Utils
- ttml.utils.add_infty_bins(thresholds, replace_biggest=False)[source]
For a list of arrays of thresholds, add np.infty to the end of every array. If replace_biggest=True, replace the last element by np.infty instead.
- ttml.utils.convert_backend_cores(cores, backend)[source]
Convert the backend of a list of cores to target backend.
- ttml.utils.dematricize(A, mode, shape)[source]
Undo matricization of
Awith respect tomode. Needsshapeof original tensor.
- ttml.utils.merge_sum(idx, y, backend=None)[source]
Merge entries of y with identical entry in idx and sum result.

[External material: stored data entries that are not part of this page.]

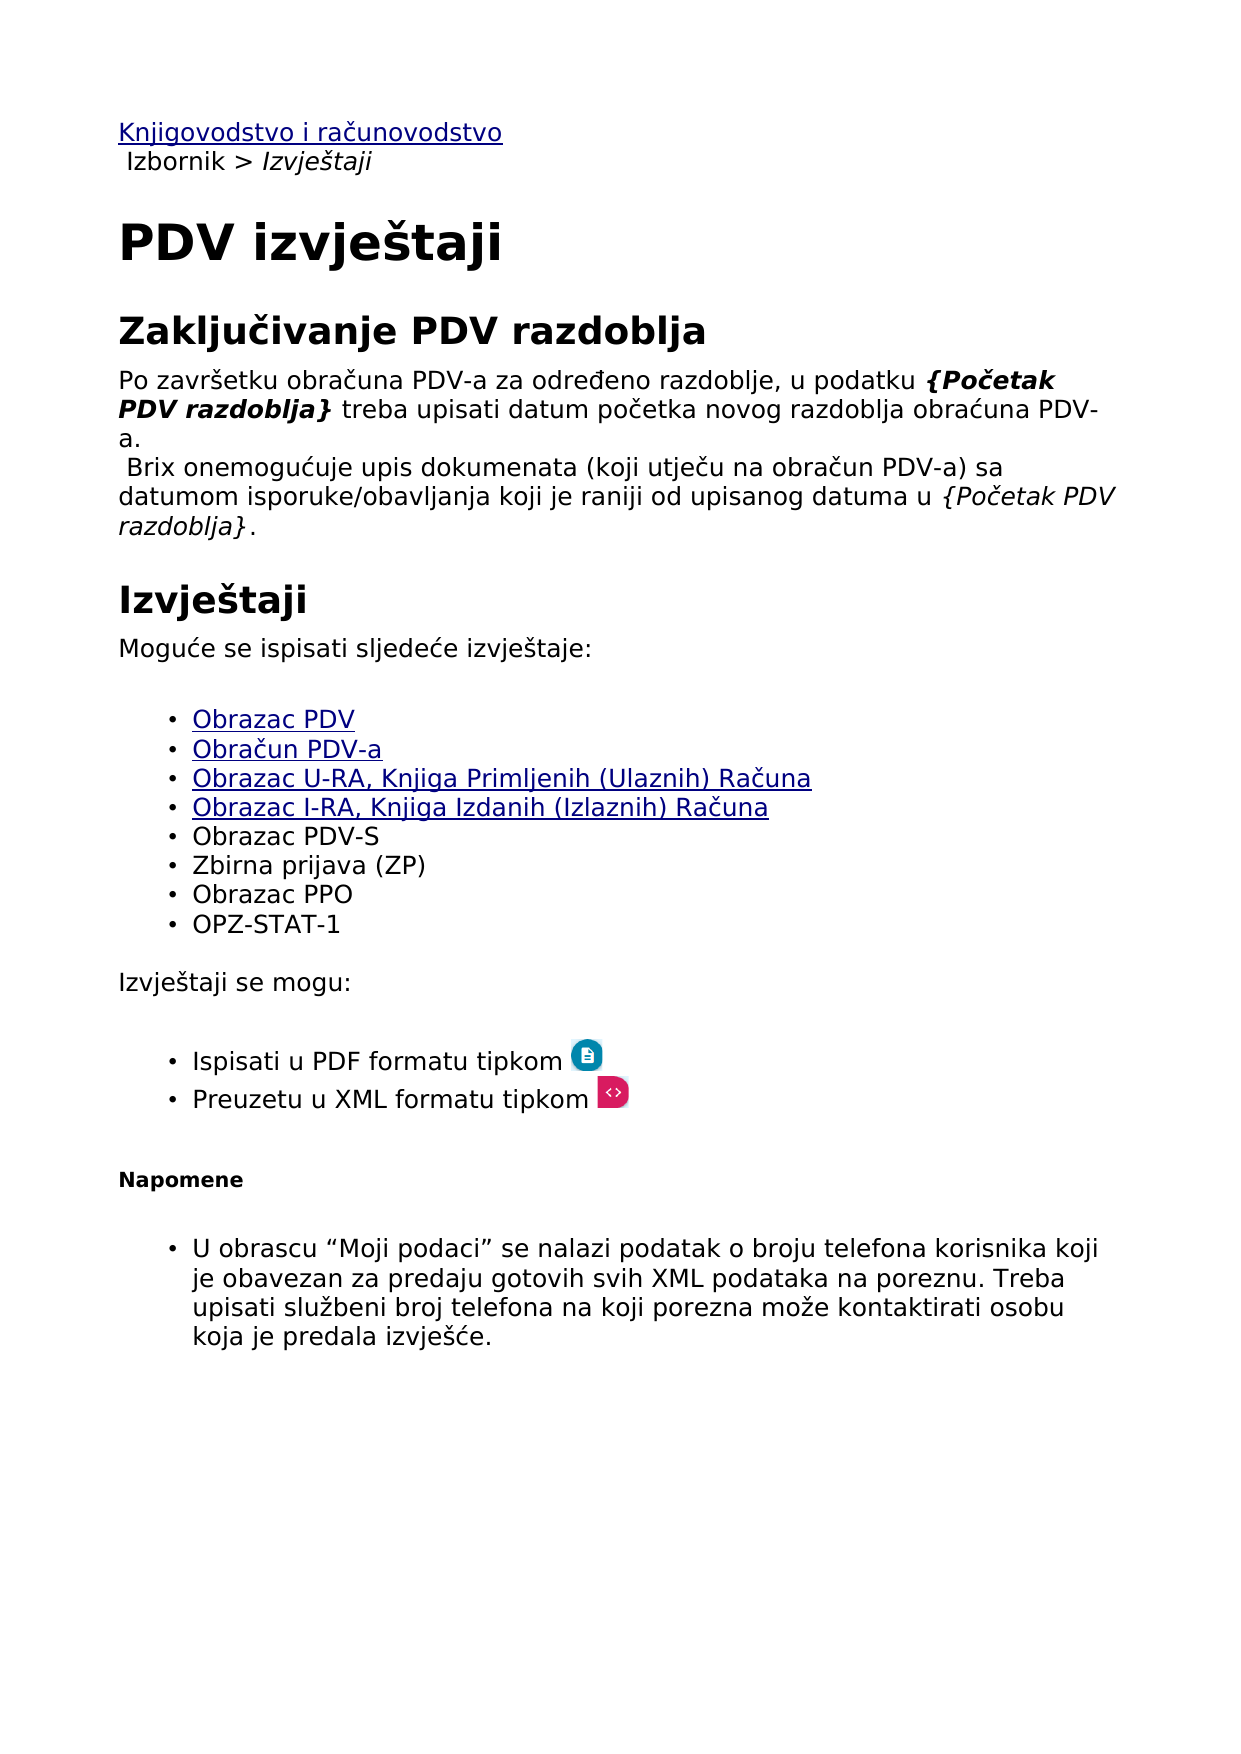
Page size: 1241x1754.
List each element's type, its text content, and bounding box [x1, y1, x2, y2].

list Obračun PDV-a [177, 735, 1122, 764]
picture [596, 1064, 603, 1071]
list Preuzetu u XML formatu tipkom [177, 1077, 1122, 1114]
text Knjigovodstvo i računovodstvo Izbornik > Izvještaji [118, 118, 1122, 176]
subtitle Zaključivanje PDV razdoblja [118, 310, 1122, 353]
text Moguće se ispisati sljedeće izvještaje: [118, 634, 1122, 664]
text Po završetku obračuna PDV-a za određeno razdoblje, u podatku {Početak PDV razdoblja} treba upisati datum početka novog razdoblja obraćuna PDV-a. Brix onemogućuje upis dokumenata (koji utječu na obračun PDV-a) sa datumom isporuke/obavljanja koji je raniji od upisanog datuma u {Početak PDV razdoblja}. [118, 366, 1122, 541]
subtitle PDV izvještaji [118, 214, 1122, 272]
list Zbirna prijava (ZP) [177, 851, 1122, 881]
list Obrazac PPO [177, 881, 1122, 910]
text Izvještaji se mogu: [118, 968, 1122, 998]
list Ispisati u PDF formatu tipkom [177, 1039, 1122, 1077]
list OPZ-STAT-1 [177, 910, 1122, 939]
subtitle Izvještaji [118, 578, 1122, 622]
list Obrazac U-RA, Knjiga Primljenih (Ulaznih) Računa [177, 764, 1122, 793]
picture [582, 1048, 593, 1063]
list Obrazac PDV-S [177, 822, 1122, 851]
picture [571, 1039, 582, 1050]
list Obrazac PDV [177, 706, 1122, 735]
list Obrazac I-RA, Knjiga Izdanih (Izlaznih) Računa [177, 793, 1122, 822]
picture [593, 1039, 603, 1047]
subtitle Napomene [118, 1168, 1122, 1193]
picture [597, 1076, 629, 1108]
picture [571, 1061, 579, 1071]
list U obrascu “Moji podaci” se nalazi podatak o broju telefona korisnika koji je obavezan za predaju gotovih svih XML podataka na poreznu. Treba upisati službeni broj telefona na koji porezna može kontaktirati osobu koja je predala izvješće. [177, 1235, 1122, 1351]

Returns new indices, merged y. This is copypasta from stackoverflow user perimosocordiae.
- ttml.utils.predict_logit(logits, random=False)[source]
Turns logits into 0 / 1 predictions.
If random=True then sample from Bernouilli
- ttml.utils.project_sorted(a, v)[source]
Returns closest entry in sorted array a for each entry in v
- ttml.utils.random_idx(tt, N, backend=None)[source]
Generate N random indices for the tensor train tt
- ttml.utils.random_normal(size, backend='numpy')[source]
Generate float64 standard normal distribution of specified size
TODO: This is unnecessary since the with_dtype wrapper update in autoray
- ttml.utils.thresholds_from_data(X, num_thresh, min_samples=5, strategy='quantile')[source]
Bin each feature in at most ‘num_thresh’ bins. Compresses bins such that each bin contains at least min_samples samples.
- ttml.utils.trim_ranks(dims, ranks)[source]
Return TT-rank to which TT can be exactly reduced
A tt-rank can never be more than the product of the dimensions on the left or right of the rank. Furthermore, any internal edge in the TT cannot have rank higher than the product of any two connected supercores. Ranks are iteratively reduced for each edge to satisfy these two requirements until the requirements are all satisfied.
- ttml.utils.univariate_kmeans(X, n_clusters, prune_factor=10)[source]
Use k-means to find a set of n_clusters points minimizing the average minimum distance of X to the set.
prune_factor determines the minimum number of points each centroid should be associated to. A prune_factor of 10 means that centroids are ignored with size less than 1/10 times the average cluster size.